- _What you will do_
Check each line below for "different" and report how many have it, nothing else.

- _Entries supplied_
==================================================

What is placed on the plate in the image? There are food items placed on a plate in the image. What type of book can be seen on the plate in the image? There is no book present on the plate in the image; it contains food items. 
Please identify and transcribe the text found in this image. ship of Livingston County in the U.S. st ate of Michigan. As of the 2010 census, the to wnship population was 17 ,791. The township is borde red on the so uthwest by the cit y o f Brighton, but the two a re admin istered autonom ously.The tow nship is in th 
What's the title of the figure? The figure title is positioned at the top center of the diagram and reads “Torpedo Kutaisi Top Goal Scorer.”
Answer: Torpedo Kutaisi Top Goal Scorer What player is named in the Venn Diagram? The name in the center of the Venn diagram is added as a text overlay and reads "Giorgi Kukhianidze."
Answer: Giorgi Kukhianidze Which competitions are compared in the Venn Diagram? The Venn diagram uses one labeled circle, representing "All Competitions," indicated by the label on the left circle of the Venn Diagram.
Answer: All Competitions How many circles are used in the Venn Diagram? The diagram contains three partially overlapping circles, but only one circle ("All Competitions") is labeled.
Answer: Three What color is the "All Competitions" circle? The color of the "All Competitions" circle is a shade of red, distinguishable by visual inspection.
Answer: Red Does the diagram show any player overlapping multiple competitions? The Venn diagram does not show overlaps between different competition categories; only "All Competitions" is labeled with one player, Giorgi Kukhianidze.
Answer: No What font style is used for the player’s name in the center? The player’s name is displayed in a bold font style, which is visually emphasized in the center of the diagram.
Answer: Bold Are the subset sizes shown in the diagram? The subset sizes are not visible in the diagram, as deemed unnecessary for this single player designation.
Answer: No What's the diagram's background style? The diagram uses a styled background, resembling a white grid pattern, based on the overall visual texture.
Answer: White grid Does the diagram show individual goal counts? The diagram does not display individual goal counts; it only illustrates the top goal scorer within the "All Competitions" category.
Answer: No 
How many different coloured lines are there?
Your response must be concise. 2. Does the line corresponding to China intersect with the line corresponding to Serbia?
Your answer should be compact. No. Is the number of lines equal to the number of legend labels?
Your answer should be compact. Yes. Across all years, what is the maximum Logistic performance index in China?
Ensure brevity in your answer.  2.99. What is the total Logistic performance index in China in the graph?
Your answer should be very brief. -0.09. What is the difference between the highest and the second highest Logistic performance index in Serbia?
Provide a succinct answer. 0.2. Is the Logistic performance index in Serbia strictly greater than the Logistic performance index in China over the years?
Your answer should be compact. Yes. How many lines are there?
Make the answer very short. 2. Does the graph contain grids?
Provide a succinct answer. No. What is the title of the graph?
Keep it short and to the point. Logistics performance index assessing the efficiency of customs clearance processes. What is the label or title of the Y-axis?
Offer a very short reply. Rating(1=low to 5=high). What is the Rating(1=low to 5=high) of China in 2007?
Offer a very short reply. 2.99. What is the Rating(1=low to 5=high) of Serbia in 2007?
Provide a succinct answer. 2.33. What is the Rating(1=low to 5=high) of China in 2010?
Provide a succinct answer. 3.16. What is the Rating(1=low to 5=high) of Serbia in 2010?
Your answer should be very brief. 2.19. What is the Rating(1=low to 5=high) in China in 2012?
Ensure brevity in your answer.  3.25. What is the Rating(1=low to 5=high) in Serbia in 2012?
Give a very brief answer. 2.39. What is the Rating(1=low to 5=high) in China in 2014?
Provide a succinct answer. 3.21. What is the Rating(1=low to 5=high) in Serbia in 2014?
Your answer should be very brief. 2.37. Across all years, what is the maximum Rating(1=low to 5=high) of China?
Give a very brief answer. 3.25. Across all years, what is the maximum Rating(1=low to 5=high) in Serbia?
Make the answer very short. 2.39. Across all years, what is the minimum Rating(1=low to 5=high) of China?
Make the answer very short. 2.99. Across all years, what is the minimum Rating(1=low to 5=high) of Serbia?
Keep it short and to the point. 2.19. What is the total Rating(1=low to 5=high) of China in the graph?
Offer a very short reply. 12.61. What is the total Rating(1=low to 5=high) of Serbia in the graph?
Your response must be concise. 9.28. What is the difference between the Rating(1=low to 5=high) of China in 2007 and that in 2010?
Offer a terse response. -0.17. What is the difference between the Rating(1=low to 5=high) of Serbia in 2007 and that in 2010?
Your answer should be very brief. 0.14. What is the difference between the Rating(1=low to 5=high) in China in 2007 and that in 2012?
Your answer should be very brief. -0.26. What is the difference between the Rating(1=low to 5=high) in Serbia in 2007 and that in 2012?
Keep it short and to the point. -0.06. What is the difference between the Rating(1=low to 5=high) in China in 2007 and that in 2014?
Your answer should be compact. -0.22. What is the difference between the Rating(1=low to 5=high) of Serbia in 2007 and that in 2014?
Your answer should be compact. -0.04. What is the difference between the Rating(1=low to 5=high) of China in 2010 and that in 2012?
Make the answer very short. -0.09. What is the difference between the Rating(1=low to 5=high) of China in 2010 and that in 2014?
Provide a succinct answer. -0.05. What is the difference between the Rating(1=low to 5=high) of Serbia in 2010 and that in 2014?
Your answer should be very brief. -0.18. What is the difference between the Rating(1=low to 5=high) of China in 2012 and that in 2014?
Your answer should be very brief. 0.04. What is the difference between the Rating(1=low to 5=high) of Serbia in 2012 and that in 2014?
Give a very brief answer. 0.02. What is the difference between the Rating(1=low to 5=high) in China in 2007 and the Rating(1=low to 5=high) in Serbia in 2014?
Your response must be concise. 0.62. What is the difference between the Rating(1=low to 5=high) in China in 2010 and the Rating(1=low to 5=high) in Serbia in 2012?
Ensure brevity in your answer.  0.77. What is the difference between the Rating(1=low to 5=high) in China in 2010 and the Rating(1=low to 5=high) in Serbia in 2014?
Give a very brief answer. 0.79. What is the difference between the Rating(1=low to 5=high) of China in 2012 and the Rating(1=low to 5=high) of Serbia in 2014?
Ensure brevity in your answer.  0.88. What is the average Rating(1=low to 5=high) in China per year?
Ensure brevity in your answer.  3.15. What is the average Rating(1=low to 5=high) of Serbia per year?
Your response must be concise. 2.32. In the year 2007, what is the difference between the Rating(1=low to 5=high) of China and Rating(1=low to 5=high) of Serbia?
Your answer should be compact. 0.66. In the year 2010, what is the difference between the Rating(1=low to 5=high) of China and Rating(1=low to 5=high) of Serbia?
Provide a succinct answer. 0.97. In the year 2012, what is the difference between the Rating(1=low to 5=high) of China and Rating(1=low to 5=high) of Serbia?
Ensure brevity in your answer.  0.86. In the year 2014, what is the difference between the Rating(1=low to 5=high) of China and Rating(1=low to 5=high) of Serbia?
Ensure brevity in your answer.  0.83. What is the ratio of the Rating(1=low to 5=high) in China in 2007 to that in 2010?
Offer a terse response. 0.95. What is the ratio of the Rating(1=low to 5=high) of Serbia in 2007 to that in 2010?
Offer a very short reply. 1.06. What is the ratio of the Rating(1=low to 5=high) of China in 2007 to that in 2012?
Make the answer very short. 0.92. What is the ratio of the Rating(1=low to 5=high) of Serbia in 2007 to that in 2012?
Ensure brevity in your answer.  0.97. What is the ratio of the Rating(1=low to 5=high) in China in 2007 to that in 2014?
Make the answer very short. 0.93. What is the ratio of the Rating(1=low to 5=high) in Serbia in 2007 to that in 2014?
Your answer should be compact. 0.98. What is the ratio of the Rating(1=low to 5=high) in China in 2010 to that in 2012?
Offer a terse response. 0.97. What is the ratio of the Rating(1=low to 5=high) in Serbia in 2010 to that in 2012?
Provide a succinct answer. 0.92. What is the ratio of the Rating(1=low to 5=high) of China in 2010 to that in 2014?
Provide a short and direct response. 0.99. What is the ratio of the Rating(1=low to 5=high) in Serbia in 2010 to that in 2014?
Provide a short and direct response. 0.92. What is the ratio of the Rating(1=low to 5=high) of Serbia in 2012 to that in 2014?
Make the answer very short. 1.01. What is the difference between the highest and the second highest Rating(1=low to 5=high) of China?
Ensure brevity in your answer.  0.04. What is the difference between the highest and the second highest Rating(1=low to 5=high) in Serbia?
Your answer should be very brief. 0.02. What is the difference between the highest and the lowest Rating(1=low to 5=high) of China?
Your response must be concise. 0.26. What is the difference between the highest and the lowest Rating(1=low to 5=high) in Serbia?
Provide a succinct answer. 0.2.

==================================================

- _Solution to this problem_
2